Supported Models

The Vollo compiler supports PyTorch models that use the following operations:

OperationSupport Notes
Pointwise arithmetic ops+, -, *, /, maximum, minimum, the pointwise overload of max and min
Inequality>, <, >=, <=
Clamp opsclamp, relu
Matrix multiplicationLinear; matmul / @ where one side is a constant
ConvolutionVia vollo_torch.nn.PaddedConv1d, with groups == 1 or groups == in_channels == out_channels
LSTMtorch.nn.LSTM, vollo_torch.nn.LSTM
Indexing / slicingPartial square bracket [] support; index_select, narrow
sumkeepdim = True required when summing over data dim
whereIf the where condition is an inequality comparison
Concatenationcat, concat, concatenate
Stackingstack, vstack, row_stack, hstack, column_stack, dstack
LayerNorm
RMSNormvia vollo_torch.nn.RMSNorm for torch versions < 2.4
Batch NormalizationBatchNorm1d, BatchNorm2d, BatchNorm3d
Transposingtranspose, swapdims, swapaxes, t, T, mT, permute; See section below
squeeze, unsqueeze
Reshapingreshape, view, reshape_as, view_as, flatten; Stride of data dimension must be unchanged
BroadcastingImplicitly or with broadcast_to, broadcast_tensors, expand, expand_as
sqrttorch.sqrt, torch.rsqrt
tanhtorch.tanh, torch.nn.Tanh

Models that take multiple input tensors and return multiple output tensors (i.e. a tuple of tensors) are supported.

Note that for operations like Dropout and BatchNorm1d (which change behaviour at inference time) to be handled correctly, the model should be in eval mode.

Tensor Memory Format

Vollo supports operations on tensors in data- or channels- last memory format, i.e. the innermost dimension of the tensors should be the data or channels dimension rather than the batch or sequence dimension if there is one. This is because the Vollo accelerator's compute units operate on contiguous vectors (1D tensors) and has limited support for rearranging tensor data, particularly transposing them.

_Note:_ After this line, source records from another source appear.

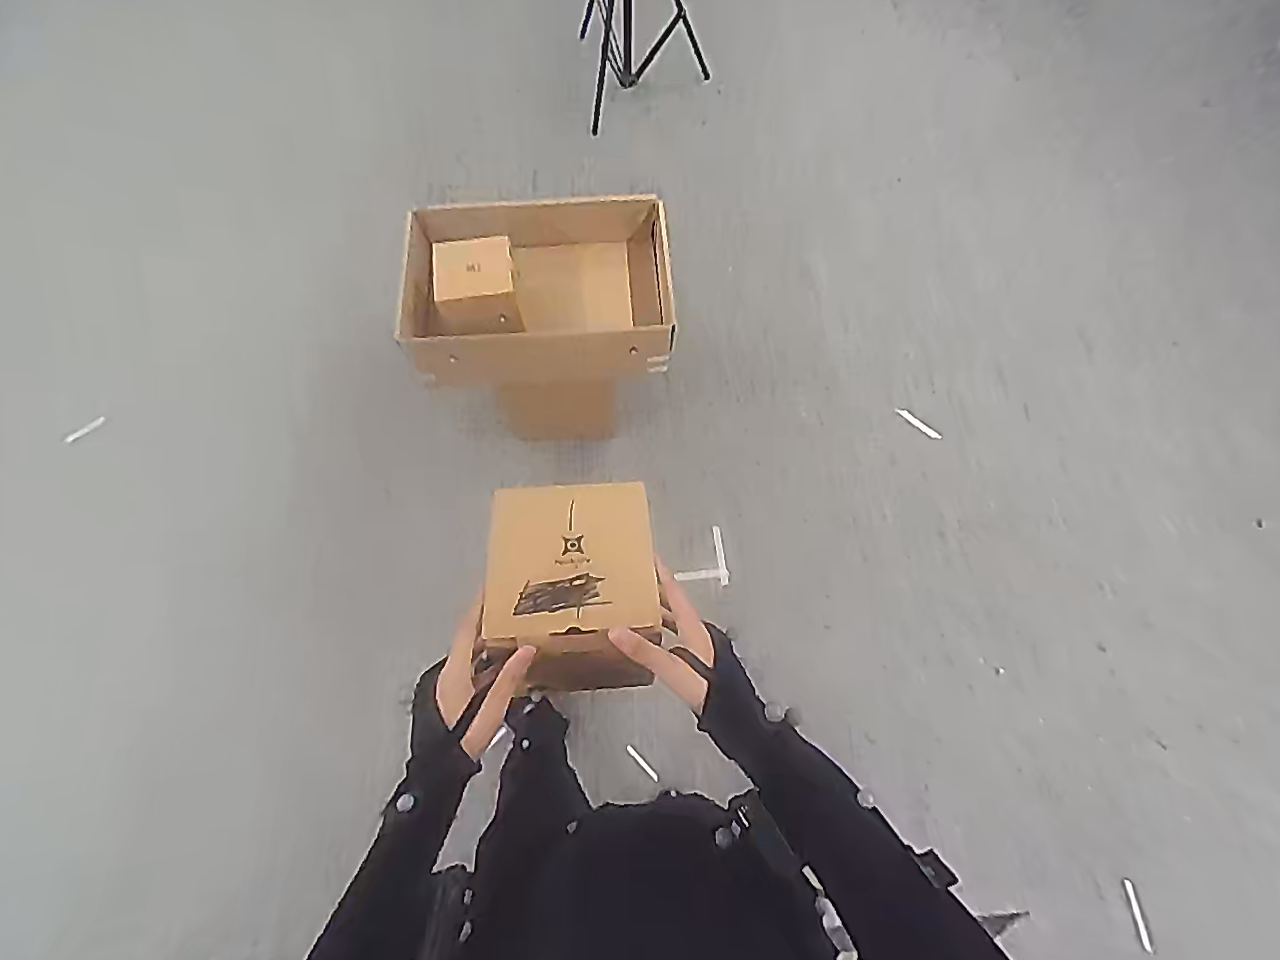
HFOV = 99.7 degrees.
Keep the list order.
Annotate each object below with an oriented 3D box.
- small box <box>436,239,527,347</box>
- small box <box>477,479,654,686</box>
[{"bbox_3d":[-0.367,-0.436,1.276,0.179,0.176,0.168,-8,68,-3],"label":"small box"},{"bbox_3d":[-0.075,0.121,0.605,0.168,0.176,0.179,-3,52,-5],"label":"small box"}]

There are some notable exceptions that do not require channels-last tensors:

  • Layers that operate on sequences: Conv1d, LSTM. Vollo supports the same (batch, channels, sequence) memory format that PyTorch uses for these layers, but requires applying the streaming transform to models that contain them.
  • General matrix multiplication (as opposed to the more restrictive Linear): matmul, @.

TorchScript

The Vollo compiler supports standard PyTorch modules (torch.nn.Module); it does not support TorchScript modules (torch.jit.ScriptModule).